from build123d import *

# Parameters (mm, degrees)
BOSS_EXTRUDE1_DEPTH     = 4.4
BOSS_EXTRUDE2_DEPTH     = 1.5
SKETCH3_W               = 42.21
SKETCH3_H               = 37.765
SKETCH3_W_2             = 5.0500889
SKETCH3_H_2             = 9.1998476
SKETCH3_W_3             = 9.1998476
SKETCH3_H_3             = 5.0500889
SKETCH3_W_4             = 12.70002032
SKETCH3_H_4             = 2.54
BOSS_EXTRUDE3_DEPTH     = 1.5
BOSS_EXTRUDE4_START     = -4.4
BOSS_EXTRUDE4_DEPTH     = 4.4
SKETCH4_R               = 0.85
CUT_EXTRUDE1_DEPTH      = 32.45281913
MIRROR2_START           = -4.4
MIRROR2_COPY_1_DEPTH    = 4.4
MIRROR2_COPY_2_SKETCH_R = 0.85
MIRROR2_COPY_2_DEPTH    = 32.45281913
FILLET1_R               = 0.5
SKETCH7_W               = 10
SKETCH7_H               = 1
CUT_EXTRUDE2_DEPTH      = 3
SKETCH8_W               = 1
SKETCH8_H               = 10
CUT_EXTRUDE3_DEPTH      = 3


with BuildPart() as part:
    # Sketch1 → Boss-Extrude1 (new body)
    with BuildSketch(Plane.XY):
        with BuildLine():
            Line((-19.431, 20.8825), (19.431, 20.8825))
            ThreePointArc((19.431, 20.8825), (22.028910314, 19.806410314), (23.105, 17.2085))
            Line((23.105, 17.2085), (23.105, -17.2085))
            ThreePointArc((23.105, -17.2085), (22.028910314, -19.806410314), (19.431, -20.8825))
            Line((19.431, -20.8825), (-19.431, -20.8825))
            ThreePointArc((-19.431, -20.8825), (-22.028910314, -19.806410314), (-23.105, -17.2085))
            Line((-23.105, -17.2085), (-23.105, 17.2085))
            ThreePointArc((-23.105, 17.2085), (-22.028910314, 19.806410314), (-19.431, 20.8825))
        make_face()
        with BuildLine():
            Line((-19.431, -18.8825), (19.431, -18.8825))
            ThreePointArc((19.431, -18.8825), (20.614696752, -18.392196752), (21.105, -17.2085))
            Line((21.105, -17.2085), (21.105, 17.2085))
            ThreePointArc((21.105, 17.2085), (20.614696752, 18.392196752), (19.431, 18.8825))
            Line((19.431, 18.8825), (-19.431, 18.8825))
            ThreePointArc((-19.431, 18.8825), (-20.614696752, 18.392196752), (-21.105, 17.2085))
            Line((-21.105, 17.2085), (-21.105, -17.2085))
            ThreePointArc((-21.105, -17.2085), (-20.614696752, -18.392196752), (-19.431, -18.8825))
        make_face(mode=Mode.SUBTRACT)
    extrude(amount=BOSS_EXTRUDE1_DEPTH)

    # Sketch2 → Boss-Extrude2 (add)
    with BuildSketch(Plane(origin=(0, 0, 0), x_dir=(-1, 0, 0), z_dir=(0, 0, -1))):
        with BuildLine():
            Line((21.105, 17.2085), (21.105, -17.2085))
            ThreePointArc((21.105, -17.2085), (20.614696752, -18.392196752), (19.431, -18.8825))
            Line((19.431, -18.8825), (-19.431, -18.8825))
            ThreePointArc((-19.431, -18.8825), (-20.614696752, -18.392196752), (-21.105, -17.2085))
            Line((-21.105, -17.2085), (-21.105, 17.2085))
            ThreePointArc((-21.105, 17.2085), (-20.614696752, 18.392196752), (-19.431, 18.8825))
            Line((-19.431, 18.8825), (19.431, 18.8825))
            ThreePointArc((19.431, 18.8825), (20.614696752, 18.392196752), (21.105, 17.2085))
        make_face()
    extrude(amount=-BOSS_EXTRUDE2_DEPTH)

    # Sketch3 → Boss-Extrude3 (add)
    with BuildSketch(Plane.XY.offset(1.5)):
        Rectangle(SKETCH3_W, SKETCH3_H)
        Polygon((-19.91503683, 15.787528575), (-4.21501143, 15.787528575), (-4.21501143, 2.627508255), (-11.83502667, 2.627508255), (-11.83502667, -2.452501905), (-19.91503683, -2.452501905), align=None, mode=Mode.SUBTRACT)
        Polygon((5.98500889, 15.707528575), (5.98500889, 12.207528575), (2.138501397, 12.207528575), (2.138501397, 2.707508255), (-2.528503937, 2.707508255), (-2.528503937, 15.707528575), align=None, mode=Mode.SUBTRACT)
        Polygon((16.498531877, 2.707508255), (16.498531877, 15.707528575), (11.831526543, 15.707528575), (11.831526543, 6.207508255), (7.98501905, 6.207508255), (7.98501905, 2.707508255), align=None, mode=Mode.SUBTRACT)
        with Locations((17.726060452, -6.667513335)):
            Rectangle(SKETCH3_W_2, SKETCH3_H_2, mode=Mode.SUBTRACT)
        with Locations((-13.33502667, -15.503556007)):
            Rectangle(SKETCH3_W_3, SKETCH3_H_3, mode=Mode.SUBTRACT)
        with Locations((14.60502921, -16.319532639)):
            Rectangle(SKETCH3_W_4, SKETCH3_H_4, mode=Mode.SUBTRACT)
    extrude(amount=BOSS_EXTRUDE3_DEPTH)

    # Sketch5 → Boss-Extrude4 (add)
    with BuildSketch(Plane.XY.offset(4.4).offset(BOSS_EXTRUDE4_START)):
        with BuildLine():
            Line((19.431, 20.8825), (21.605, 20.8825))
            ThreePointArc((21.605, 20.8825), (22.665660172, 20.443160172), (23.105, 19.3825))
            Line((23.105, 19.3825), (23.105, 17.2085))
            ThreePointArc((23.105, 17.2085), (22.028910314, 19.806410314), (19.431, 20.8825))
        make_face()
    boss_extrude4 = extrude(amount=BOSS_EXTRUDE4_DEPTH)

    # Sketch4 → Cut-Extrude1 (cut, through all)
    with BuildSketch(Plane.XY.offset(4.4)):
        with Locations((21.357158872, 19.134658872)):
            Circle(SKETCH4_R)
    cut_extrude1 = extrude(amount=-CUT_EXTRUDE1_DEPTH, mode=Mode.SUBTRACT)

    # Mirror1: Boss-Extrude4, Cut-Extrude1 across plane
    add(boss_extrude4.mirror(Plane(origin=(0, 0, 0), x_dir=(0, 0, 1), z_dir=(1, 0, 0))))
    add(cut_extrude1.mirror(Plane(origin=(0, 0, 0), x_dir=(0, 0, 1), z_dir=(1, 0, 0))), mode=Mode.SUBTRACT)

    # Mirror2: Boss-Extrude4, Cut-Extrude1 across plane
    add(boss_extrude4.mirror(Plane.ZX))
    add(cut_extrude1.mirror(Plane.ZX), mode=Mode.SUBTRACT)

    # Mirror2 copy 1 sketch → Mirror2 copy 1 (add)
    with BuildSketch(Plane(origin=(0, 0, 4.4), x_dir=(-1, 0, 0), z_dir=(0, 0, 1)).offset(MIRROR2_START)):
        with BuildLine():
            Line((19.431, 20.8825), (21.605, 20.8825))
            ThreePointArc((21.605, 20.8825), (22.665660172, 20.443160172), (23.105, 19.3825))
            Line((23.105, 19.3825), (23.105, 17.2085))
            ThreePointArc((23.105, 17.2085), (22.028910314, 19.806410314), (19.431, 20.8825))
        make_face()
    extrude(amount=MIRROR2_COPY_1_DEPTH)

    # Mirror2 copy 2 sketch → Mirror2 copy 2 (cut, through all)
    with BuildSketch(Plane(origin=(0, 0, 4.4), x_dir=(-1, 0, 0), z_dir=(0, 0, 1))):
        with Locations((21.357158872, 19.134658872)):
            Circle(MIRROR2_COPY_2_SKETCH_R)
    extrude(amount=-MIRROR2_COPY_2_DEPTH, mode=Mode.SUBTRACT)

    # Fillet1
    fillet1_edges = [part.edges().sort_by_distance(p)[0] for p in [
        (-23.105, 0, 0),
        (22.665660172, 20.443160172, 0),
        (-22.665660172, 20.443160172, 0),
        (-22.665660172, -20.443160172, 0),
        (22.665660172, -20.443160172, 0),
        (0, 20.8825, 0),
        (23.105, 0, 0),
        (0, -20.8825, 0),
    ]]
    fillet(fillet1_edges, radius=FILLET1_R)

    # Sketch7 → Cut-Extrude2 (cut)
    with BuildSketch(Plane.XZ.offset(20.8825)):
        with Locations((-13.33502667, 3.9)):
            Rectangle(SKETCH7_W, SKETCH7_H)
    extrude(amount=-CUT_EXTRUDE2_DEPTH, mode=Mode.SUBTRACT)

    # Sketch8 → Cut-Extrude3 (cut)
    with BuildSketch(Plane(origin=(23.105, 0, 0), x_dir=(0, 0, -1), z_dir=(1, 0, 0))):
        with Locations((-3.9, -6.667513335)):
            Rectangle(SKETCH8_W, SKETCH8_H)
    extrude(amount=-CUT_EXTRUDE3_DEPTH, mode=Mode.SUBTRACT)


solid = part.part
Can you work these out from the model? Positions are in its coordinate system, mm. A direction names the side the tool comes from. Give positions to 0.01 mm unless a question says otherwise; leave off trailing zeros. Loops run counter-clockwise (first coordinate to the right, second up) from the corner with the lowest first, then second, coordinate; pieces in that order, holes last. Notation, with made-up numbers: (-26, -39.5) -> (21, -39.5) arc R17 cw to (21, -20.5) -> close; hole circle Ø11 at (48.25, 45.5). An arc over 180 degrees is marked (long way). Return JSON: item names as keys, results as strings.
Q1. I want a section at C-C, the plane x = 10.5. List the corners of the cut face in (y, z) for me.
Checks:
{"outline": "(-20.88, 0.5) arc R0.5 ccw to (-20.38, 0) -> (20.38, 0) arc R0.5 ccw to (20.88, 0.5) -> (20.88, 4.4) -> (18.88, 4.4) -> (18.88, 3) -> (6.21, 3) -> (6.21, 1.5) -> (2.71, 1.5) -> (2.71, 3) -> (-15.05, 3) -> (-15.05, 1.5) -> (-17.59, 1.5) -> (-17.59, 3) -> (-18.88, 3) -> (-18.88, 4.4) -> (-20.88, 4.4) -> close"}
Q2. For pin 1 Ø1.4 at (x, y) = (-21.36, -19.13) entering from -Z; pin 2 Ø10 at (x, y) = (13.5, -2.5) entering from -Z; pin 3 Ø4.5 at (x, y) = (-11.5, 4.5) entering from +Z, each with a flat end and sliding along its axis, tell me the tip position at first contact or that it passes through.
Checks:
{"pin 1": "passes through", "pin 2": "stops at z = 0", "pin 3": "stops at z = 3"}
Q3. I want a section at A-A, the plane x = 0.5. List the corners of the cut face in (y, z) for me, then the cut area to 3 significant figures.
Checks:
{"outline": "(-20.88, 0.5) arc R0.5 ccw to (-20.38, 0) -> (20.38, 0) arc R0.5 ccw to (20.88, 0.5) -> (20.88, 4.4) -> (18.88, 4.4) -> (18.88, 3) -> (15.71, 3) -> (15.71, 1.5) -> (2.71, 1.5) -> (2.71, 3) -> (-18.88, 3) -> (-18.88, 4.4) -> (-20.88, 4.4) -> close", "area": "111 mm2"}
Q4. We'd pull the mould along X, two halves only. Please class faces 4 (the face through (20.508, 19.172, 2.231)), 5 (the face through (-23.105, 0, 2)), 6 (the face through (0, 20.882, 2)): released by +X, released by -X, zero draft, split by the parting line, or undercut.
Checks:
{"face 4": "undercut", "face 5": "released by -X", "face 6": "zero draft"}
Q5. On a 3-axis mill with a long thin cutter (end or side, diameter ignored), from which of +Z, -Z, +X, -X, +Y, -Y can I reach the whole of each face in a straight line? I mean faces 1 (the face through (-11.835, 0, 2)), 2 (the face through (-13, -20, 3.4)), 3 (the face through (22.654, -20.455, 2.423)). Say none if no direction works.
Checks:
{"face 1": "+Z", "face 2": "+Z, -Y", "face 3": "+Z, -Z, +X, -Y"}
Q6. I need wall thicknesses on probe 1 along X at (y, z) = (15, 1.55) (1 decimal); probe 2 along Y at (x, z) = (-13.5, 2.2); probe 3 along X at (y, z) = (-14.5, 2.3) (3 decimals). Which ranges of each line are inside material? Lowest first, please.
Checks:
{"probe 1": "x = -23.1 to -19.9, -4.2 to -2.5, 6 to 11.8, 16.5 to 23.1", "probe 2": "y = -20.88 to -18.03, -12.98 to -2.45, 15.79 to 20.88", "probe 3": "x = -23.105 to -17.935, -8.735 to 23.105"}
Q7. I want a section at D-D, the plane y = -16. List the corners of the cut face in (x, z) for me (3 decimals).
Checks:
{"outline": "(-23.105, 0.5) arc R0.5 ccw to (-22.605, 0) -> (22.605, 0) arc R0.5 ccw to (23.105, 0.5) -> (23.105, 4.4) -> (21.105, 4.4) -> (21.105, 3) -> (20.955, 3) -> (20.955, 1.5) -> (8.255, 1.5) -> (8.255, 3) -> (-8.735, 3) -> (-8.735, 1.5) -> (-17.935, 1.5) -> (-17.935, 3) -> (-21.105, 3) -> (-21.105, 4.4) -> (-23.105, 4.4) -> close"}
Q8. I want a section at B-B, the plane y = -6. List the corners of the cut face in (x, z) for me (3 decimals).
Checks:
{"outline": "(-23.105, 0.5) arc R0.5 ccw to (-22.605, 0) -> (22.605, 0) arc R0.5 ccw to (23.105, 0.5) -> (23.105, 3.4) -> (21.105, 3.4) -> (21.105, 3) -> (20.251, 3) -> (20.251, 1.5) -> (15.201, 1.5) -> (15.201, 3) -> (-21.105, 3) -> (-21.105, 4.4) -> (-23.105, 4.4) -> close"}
::::::::::
> [INSTRUCTIONS FOR THE TASK] From the listing above, return every line that contains the word "section".

> [ANSWER SPACE]
Q1. I want a section at C-C, the plane x = 10.5. List the corners of the cut face in (y, z) for me.
Q3. I want a section at A-A, the plane x = 0.5. List the corners of the cut face in (y, z) for me, then the cut area to 3 significant figures.
Q7. I want a section at D-D, the plane y = -16. List the corners of the cut face in (x, z) for me (3 decimals).
Q8. I want a section at B-B, the plane y = -6. List the corners of the cut face in (x, z) for me (3 decimals).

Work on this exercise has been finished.